The somewhat abstracted and fragmented description of "Preludes" appears frequently in Eliot's poetry, and although it can be hard to discern the purpose of each individual image, they add up to a whole greater than the sum of its parts.

The images in the first stanza of "Preludes" set the context for the rest of the poem: "grimy scraps / Of withered leaves" (6-7), "newspapers from vacant lots" (8), "broken blinds and chimney-pots" (10) are the dingy, littered, concrete objects of the city.

In the second stanza, "The morning comes to consciousness / Of faint stale smells of beer" (14-15), hungover, and the narrator "thinks of all the hands / That are raising dingy shades / In a thousand furnished rooms" (21-23). These last three lines underscore a sense of anonymity (and insignificance) in numbers, dirty vulgarity, and impermanence.

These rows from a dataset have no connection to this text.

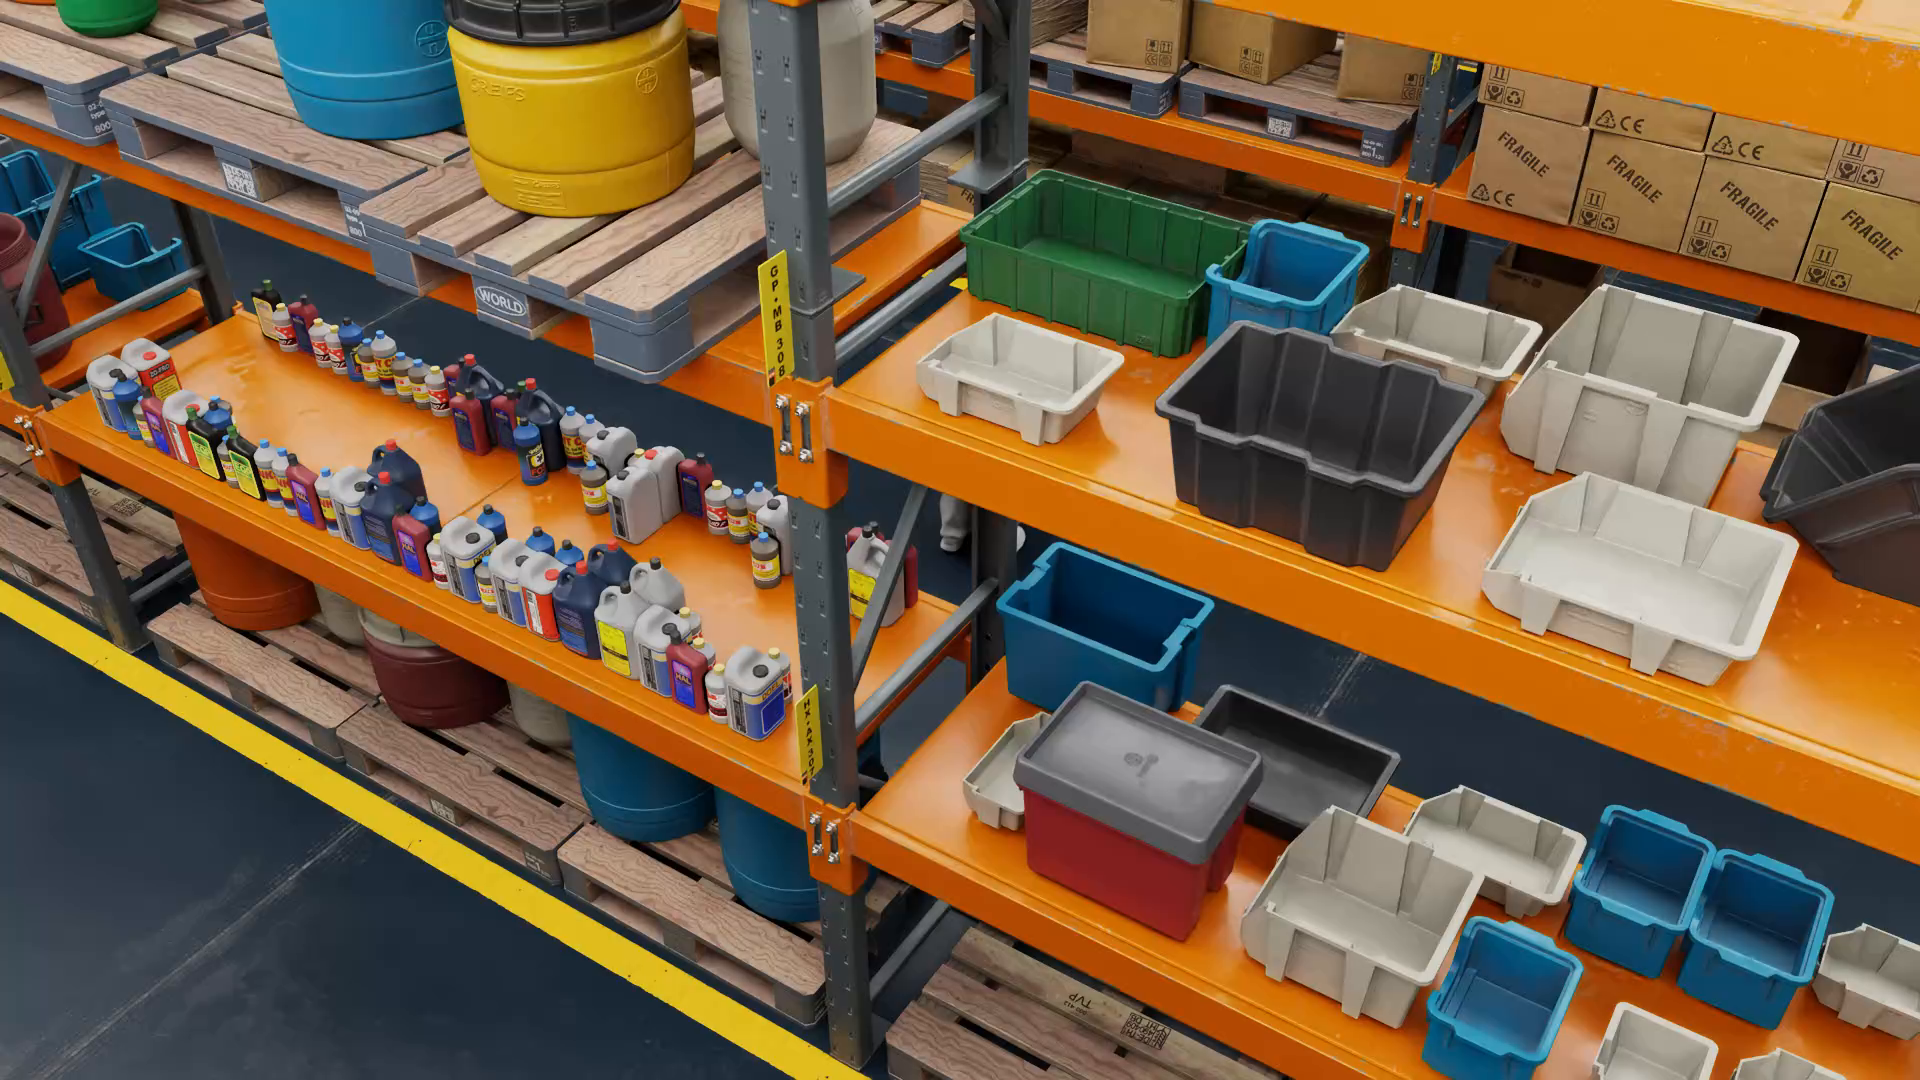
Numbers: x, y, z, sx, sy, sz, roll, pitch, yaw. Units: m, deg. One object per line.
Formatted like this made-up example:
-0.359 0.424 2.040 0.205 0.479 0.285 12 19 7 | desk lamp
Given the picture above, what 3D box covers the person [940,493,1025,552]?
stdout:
0.193 -0.540 7.892 0.557 1.157 0.945 20 42 24 | person
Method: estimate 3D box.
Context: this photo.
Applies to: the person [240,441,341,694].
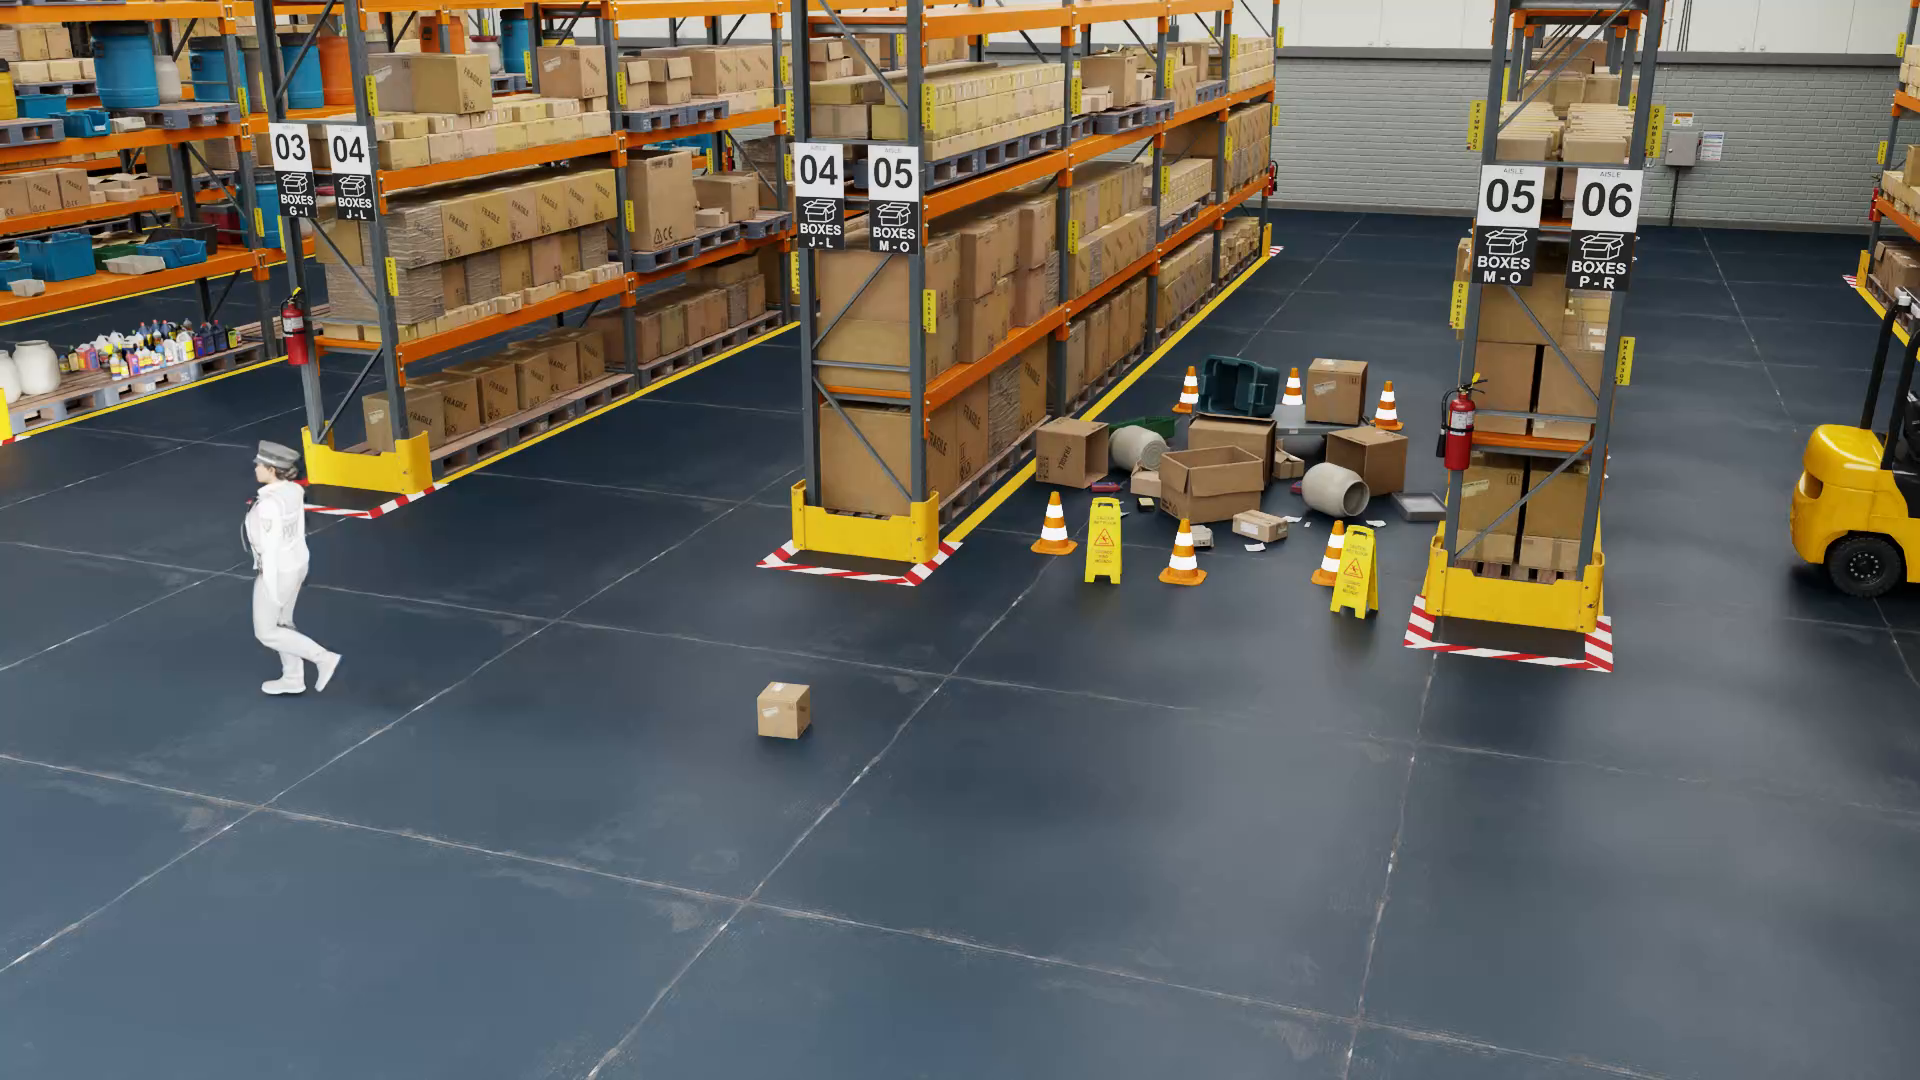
[{"bbox_3d":[-4.200,0.196,10.389,0.596,1.677,0.486,0,19,1],"label":"person"}]
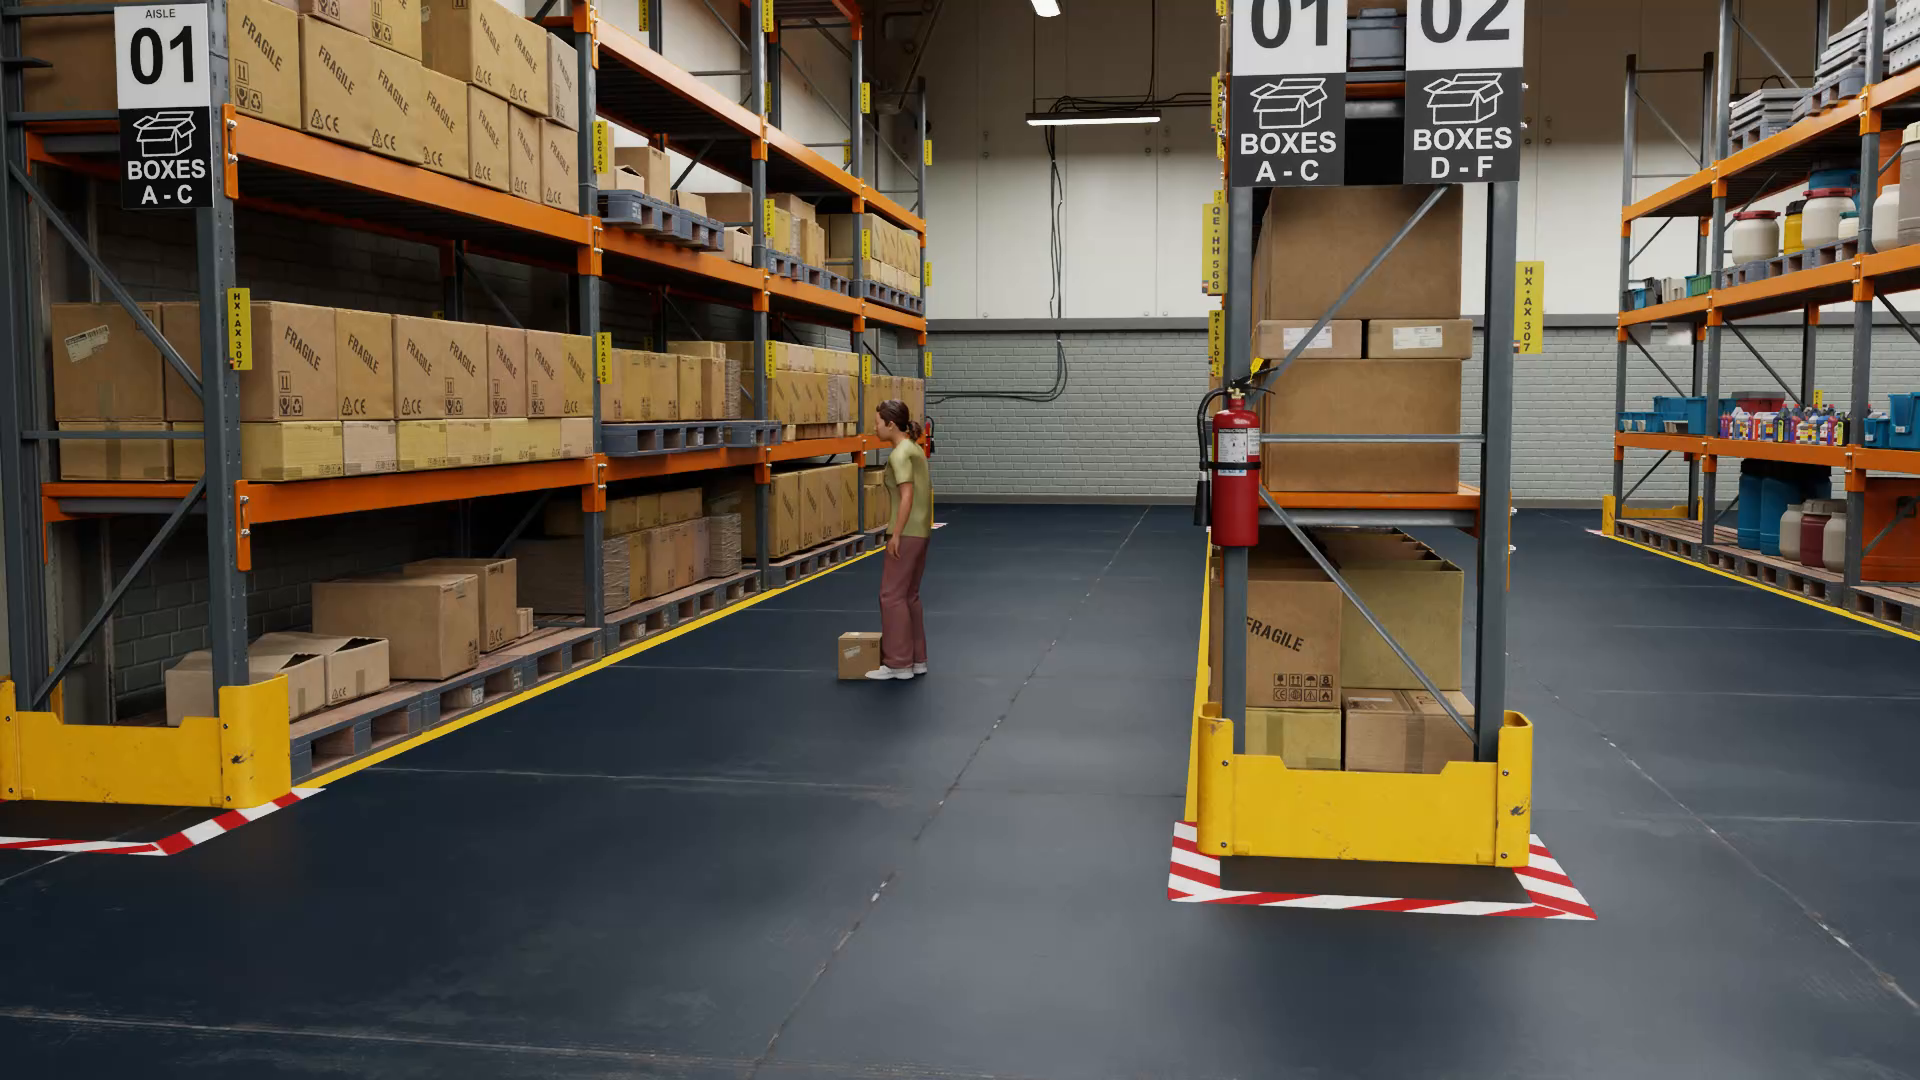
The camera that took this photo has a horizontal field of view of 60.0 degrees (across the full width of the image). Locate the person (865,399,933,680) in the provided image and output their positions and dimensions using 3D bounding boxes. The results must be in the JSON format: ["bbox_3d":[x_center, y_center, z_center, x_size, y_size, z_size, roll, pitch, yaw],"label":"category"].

The third stanza introduces the first actual character of the poem in the second person, implicating the reader in the grimy, low urbanity. The soul of this "you" is constituted of a "thousand sordid images" (27) and the soles of "your" feet are yellowed and "your" hands are soiled (37-38), either by physical labor, the dirt and grime of the city, or both. The use of the second person here closes the distance between the poem and the reader, but the degrading, accusatory manner in which it does so perhaps alienates the reader as well. The only redemption in the scene described is found in sunlight and birdsong, which are both jarringly undercut: "light crept up between the shutters, / And you heard the sparrows in the gutters" (31-32). The light is not liberating and illuminating; it creeps and is obstructed. The birdsong comes not from a traditional songbird, but from sparrows—the mice of the bird world—in the gutters of the street.

The poem is a condemnation of modernity, and specifically of urban life. It mainly highlights the boredom of life, with allusions to prostitutes and other grimy scenes to further enhance the disorienting nature of the world in such a time.